* Work item *
Return, word for word, the lines of the listing below from the one with "list Voorzieningen in" through the one with "text Inzage [248, 457, 1152, 483]", and no other lines.
=-=-=-=-=
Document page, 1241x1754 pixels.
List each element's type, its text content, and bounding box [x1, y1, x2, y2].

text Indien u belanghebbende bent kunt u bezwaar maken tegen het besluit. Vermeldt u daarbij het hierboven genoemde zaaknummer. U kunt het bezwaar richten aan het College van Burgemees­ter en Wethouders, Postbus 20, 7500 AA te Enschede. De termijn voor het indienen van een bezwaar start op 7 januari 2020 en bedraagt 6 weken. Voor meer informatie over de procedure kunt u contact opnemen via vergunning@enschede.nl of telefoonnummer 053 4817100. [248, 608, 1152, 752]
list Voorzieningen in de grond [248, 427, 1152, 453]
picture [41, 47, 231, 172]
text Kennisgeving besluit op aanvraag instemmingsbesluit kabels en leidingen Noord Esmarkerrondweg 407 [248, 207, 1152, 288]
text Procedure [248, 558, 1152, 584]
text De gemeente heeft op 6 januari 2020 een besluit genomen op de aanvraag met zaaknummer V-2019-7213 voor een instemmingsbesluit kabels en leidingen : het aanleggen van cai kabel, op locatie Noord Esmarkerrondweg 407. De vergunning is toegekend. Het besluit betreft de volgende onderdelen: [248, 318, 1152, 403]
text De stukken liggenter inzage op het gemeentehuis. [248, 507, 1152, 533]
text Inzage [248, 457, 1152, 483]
=-=-=-=-=
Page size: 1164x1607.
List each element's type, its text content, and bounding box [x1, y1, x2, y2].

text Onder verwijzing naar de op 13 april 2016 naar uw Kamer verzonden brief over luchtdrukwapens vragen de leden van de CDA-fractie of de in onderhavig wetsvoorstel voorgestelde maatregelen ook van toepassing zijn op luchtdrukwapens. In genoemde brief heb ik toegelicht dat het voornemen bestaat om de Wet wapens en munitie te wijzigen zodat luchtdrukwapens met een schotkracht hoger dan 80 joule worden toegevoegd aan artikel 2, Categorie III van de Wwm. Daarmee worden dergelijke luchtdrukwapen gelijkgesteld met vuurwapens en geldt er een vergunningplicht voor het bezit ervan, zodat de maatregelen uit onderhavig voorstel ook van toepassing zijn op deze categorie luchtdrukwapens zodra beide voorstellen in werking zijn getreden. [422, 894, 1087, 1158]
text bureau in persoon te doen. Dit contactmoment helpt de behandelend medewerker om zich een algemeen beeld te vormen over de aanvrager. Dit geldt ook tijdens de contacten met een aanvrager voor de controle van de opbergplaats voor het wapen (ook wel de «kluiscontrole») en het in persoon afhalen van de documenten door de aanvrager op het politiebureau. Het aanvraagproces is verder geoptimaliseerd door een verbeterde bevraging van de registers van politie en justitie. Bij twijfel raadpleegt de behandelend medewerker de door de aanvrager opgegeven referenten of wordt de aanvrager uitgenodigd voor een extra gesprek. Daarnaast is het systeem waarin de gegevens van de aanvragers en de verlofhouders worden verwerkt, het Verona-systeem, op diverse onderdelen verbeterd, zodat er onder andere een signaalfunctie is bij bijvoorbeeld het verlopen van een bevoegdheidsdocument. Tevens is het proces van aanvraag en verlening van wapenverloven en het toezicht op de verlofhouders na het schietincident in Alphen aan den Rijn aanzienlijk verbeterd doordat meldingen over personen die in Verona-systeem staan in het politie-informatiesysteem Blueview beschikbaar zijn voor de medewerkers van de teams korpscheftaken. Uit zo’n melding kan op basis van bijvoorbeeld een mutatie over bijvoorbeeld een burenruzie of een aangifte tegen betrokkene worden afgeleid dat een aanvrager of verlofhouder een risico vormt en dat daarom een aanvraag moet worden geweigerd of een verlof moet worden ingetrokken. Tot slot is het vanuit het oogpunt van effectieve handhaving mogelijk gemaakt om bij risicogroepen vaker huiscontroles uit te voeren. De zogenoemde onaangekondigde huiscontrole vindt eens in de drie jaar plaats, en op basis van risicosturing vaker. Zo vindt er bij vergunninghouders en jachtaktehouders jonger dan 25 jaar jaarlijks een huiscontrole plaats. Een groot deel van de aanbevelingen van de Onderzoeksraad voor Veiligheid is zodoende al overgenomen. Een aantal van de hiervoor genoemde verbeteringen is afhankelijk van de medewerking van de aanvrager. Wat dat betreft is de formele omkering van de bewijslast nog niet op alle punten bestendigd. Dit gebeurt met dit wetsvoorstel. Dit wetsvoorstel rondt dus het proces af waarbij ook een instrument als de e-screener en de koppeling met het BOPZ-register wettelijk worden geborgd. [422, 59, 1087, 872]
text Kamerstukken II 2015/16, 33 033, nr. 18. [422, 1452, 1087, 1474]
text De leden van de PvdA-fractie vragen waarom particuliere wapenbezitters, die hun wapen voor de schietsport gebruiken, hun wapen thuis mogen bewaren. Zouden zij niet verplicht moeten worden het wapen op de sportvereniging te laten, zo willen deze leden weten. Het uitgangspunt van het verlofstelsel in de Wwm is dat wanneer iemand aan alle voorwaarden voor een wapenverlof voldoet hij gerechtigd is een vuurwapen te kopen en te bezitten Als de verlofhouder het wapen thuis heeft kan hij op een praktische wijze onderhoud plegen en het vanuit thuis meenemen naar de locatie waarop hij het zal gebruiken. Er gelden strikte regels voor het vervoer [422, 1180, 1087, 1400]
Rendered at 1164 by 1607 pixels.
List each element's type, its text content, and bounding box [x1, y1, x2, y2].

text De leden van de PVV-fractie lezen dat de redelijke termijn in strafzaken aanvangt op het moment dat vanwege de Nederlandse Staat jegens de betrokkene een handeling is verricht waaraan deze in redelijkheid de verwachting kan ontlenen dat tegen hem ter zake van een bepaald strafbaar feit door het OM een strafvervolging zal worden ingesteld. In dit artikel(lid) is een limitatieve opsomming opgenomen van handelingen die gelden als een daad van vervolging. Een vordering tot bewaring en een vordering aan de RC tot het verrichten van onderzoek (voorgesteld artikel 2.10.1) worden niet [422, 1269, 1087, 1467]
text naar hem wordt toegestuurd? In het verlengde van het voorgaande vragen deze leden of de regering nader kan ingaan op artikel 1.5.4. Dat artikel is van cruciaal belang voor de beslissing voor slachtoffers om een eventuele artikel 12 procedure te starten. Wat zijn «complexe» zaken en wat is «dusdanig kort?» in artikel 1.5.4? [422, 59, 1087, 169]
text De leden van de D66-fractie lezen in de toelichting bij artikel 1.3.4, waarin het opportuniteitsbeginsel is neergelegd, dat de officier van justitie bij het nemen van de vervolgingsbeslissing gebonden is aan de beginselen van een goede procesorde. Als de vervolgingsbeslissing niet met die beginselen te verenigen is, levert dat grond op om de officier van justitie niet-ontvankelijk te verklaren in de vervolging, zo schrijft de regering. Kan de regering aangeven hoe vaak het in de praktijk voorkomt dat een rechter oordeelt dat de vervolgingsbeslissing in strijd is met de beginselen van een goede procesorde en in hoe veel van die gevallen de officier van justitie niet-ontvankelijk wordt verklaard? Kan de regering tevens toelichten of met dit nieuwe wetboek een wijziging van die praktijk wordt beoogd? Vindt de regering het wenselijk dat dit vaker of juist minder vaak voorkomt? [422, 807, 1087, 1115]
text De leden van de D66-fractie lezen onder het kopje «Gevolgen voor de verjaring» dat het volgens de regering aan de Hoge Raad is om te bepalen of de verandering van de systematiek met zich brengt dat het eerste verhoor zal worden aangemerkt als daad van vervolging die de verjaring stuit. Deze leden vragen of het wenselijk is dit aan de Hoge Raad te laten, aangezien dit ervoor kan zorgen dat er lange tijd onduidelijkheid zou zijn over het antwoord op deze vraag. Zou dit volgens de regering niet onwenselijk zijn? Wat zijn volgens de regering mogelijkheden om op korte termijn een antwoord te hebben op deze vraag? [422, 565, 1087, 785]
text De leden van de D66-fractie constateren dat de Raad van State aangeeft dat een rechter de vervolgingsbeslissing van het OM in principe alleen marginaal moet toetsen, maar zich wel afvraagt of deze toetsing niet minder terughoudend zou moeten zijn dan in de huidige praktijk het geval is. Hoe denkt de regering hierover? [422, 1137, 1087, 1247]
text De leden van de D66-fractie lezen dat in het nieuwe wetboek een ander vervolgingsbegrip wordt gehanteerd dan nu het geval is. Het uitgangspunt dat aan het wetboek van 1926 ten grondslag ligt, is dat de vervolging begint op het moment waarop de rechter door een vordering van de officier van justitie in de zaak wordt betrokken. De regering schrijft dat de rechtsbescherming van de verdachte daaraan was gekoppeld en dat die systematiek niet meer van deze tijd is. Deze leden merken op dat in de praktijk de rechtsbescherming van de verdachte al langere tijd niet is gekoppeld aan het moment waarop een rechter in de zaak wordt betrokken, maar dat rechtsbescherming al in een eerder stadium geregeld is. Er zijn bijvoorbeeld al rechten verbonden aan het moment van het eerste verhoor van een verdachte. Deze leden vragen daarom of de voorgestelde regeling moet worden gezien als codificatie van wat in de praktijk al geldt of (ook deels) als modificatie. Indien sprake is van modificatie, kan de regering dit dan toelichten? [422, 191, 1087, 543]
=-=-=-=-=
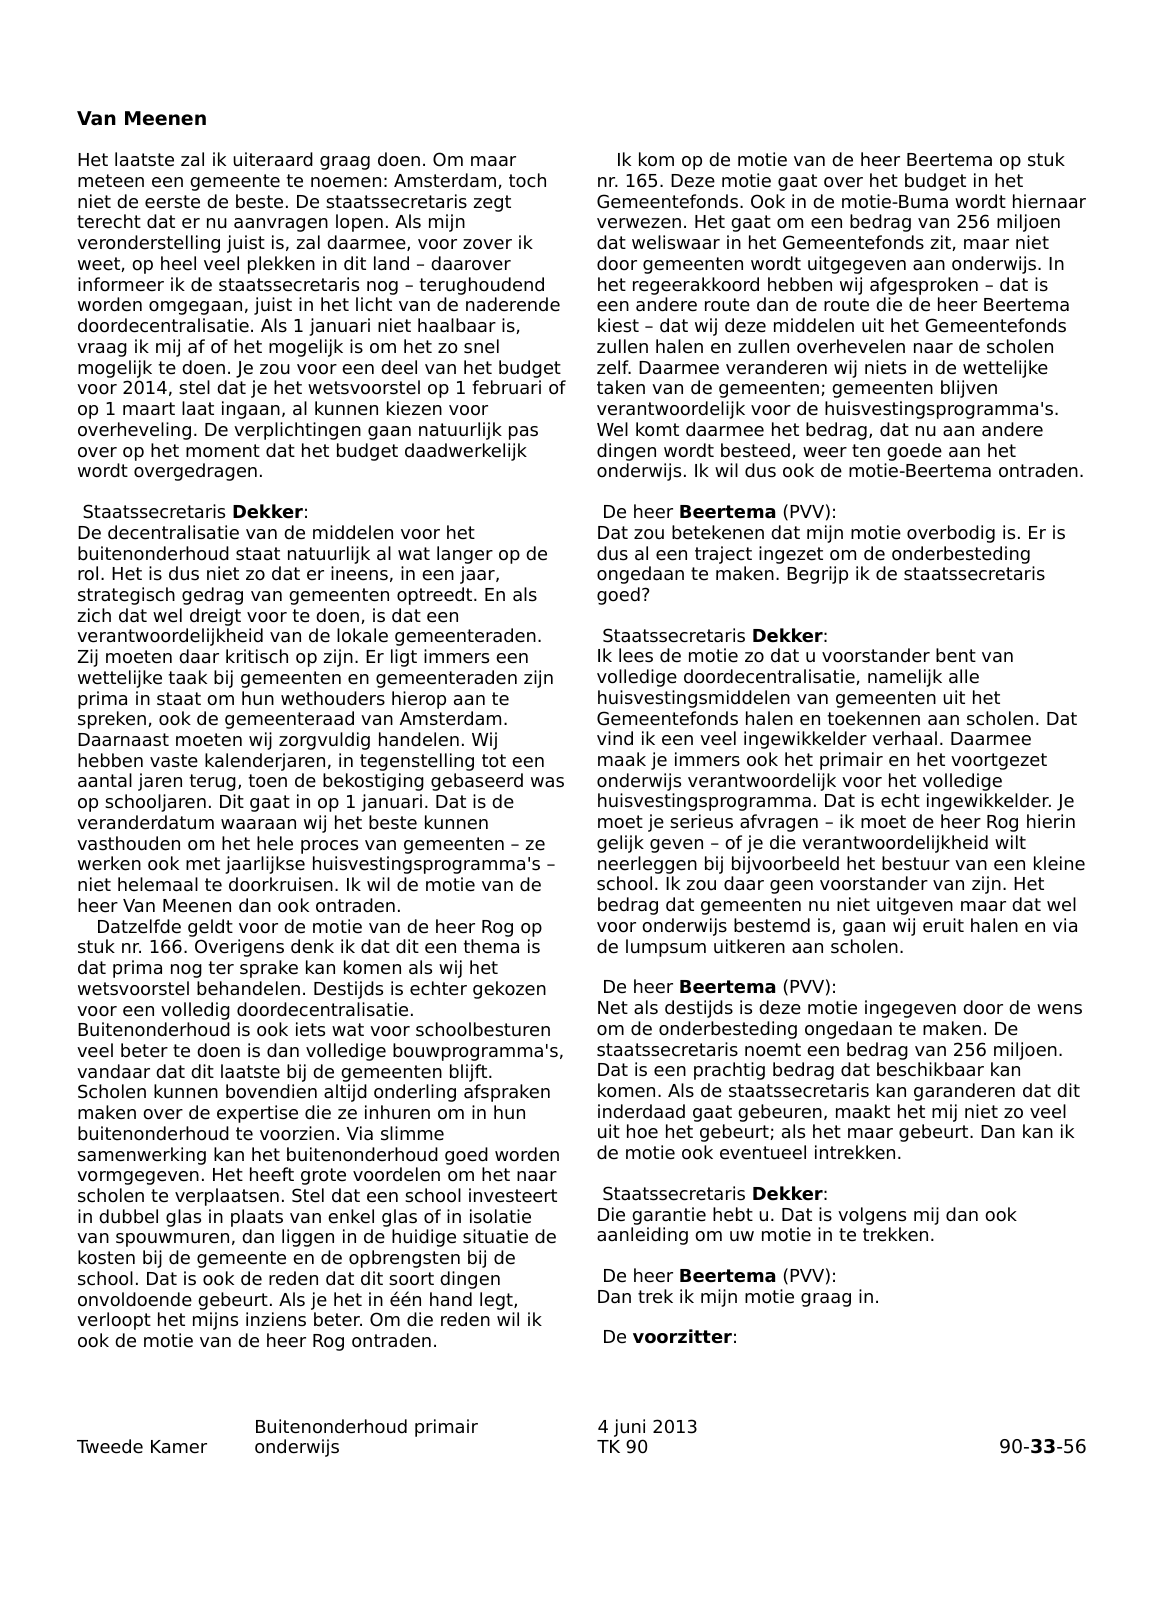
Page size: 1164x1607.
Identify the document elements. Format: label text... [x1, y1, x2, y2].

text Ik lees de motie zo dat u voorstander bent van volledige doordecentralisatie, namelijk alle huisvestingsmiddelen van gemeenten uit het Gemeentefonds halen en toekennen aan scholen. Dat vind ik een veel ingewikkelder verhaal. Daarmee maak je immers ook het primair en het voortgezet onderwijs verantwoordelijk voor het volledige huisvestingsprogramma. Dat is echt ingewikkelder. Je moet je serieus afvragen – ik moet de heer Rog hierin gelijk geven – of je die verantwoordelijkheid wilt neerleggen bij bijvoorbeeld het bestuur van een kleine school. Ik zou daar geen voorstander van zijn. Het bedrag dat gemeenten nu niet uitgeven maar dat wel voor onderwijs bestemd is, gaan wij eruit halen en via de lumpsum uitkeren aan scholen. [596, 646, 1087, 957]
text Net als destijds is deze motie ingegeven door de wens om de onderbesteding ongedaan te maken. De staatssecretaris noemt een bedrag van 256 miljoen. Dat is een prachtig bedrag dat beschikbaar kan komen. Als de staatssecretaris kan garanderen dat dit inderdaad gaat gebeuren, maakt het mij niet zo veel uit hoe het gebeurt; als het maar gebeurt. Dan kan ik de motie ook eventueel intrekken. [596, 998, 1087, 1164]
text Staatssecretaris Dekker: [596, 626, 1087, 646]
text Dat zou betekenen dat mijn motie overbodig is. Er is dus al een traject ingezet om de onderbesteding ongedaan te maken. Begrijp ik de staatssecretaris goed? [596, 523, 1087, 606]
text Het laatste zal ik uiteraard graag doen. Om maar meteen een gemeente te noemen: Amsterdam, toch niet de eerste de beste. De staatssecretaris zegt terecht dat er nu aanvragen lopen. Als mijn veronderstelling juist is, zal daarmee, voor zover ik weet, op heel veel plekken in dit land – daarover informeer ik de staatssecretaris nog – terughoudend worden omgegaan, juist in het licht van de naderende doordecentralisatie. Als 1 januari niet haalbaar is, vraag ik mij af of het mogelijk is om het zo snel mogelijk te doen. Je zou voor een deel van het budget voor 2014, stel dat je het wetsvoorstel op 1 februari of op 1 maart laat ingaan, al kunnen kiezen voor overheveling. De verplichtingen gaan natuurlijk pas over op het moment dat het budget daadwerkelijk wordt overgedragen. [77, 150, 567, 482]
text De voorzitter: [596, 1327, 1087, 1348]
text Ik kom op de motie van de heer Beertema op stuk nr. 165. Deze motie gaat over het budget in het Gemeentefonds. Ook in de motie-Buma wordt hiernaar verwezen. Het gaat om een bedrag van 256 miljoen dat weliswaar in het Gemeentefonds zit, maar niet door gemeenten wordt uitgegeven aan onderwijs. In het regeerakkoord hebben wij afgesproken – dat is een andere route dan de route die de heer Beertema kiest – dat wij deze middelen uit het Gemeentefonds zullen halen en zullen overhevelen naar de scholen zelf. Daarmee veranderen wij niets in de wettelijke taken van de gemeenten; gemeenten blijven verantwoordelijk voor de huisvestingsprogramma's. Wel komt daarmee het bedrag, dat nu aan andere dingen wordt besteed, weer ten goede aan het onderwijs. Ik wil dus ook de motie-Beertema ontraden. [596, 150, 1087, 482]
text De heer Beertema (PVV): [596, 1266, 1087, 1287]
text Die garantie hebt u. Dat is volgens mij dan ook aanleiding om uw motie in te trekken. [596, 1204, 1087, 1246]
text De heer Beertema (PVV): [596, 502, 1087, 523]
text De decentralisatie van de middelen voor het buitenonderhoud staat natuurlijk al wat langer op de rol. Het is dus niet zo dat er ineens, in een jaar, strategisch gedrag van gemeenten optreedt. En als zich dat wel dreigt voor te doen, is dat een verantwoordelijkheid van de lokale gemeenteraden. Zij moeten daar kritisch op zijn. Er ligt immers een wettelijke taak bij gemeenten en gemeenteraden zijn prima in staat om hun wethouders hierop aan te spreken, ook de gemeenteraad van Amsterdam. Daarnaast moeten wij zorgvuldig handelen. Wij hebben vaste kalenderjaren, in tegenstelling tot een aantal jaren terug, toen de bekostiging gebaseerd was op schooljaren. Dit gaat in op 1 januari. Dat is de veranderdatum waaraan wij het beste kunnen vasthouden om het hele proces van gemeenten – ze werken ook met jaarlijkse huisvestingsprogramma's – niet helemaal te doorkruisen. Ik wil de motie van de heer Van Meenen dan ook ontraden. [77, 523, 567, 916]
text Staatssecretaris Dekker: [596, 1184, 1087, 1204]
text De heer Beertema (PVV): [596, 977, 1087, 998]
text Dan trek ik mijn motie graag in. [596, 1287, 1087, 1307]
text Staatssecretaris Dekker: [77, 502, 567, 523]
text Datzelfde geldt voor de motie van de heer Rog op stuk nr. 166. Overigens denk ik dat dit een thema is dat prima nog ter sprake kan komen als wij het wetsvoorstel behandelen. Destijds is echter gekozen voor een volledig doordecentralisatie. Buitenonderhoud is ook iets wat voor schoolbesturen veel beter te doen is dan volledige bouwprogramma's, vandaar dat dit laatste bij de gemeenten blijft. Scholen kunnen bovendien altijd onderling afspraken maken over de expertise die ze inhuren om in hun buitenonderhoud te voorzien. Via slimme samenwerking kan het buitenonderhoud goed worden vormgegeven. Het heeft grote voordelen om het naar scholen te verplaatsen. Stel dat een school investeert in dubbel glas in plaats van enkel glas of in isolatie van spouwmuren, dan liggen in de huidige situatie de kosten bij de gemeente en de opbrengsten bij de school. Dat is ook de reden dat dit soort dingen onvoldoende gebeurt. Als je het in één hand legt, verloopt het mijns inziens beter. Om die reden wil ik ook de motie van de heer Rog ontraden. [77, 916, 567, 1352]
=-=-=-=-=
* Output for this task *
list Voorzieningen in de grond [248, 427, 1152, 453]
picture [41, 47, 231, 172]
text Kennisgeving besluit op aanvraag instemmingsbesluit kabels en leidingen Noord Esmarkerrondweg 407 [248, 207, 1152, 288]
text Procedure [248, 558, 1152, 584]
text De gemeente heeft op 6 januari 2020 een besluit genomen op de aanvraag met zaaknummer V-2019-7213 voor een instemmingsbesluit kabels en leidingen : het aanleggen van cai kabel, op locatie Noord Esmarkerrondweg 407. De vergunning is toegekend. Het besluit betreft de volgende onderdelen: [248, 318, 1152, 403]
text De stukken liggenter inzage op het gemeentehuis. [248, 507, 1152, 533]
text Inzage [248, 457, 1152, 483]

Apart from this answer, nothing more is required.